Однако все изображения сильны только по своей форме. Призыв обусловлен тем основным импульсом, который тем чище, чем менее содержательным он становится в изображении.
Круг оказывается по-своему замкнут, что для Ницше характерно. Детальному описанию этого абсолютного сознания недостаёт любви. Её место занимает «дионисийская душа», которую мы можем интерпретировать как любовь. Там, где Ницше упоминает о любви – говорит ли он об изнурительных поисках истины (см. аб. 781), об amor fati (см. аб. 1298сл.), о неисторическом Да вот-бытию, высказывает ли положения вроде: «всякая великая любовь хочет большего, чем любовь», – он никогда не говорит о ней как о самостоятельном начале.
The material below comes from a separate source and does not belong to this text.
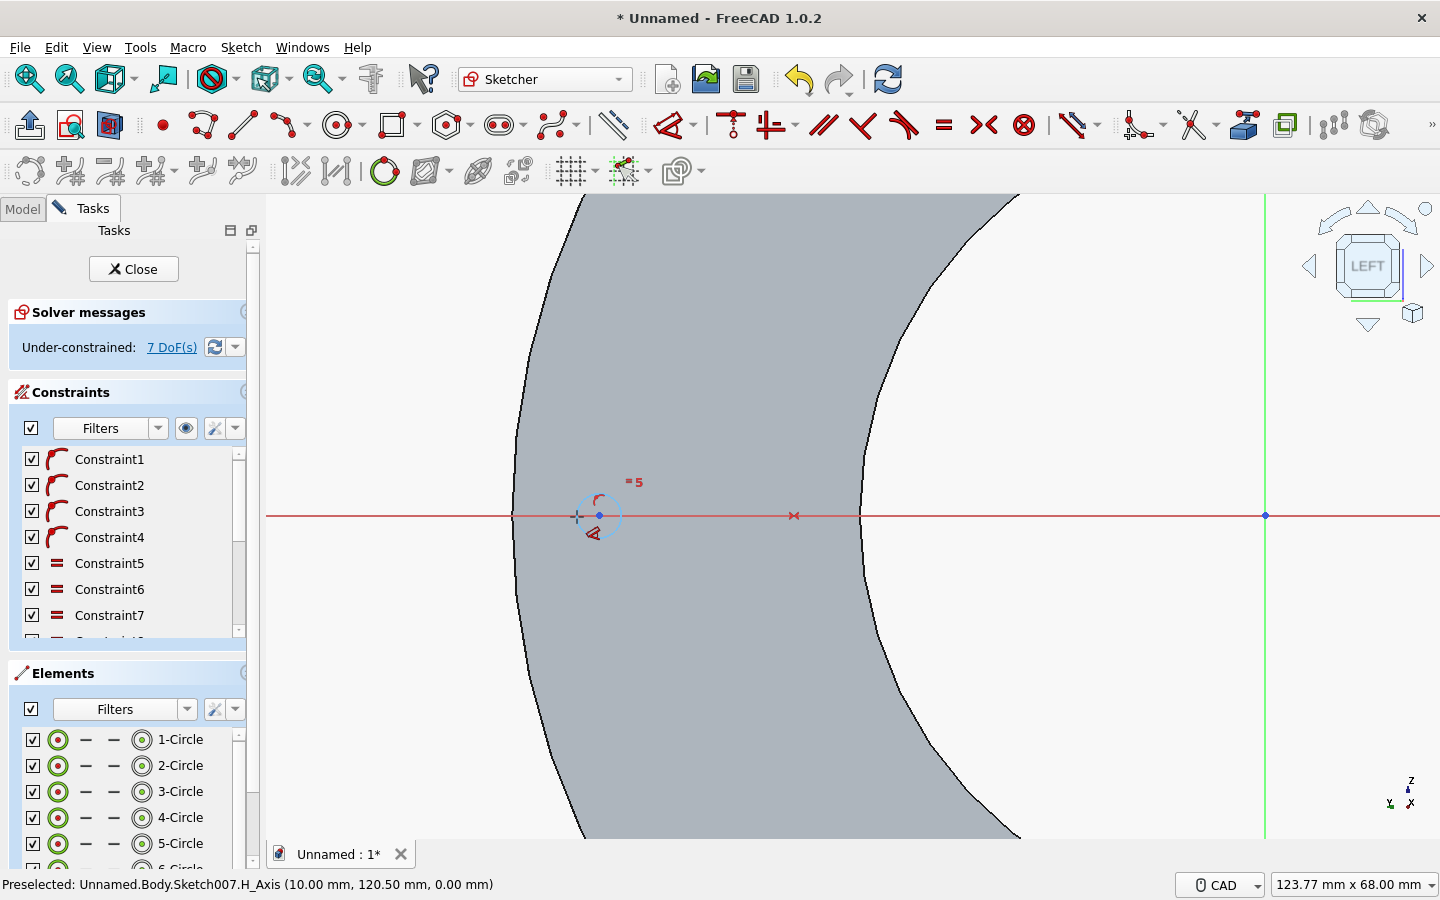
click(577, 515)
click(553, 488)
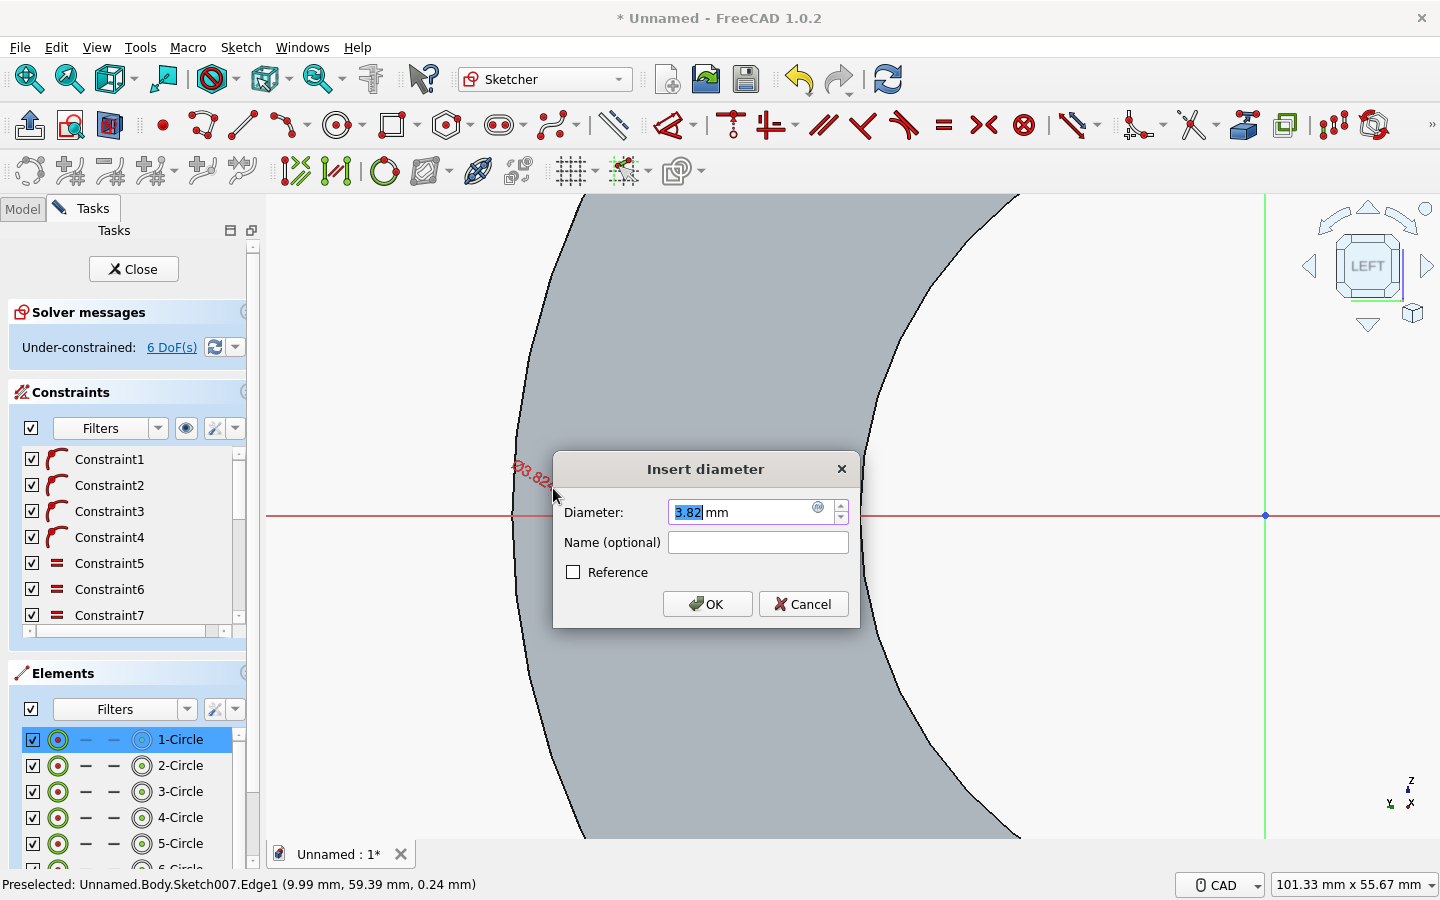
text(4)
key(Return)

Далее, у него отсутствует ирония и юмор; юмор натуре Ницше вообще практически не свойственен: он был способен на чёрный юмор, собственно души юмора лишённый; иронией он пользуется как острым оружием, но не применяет её при раскрытии первоистока, где она выполняет защитную и усиливающую функцию. Нет места для страха и совести: они отсутствуют вынужденно, ибо Ницше отвергает их ценность и истинность.
Достигая замечательной ясности, Ницше касается абсолютного сознания рассчитывающей только на себя, героически независимой экзистенции – так в нём говорит неотъемлемая истина человеческого бытия. Но сознание это оборачивается парадоксальной лишённой Бога самостью, некоей глубиной безбожия, независимость которой, вопреки её собственному смыслу, эти ограниченные словесным выражением формулы, похоже, вводят в рамки отдельных причинно-следственных связей в мире.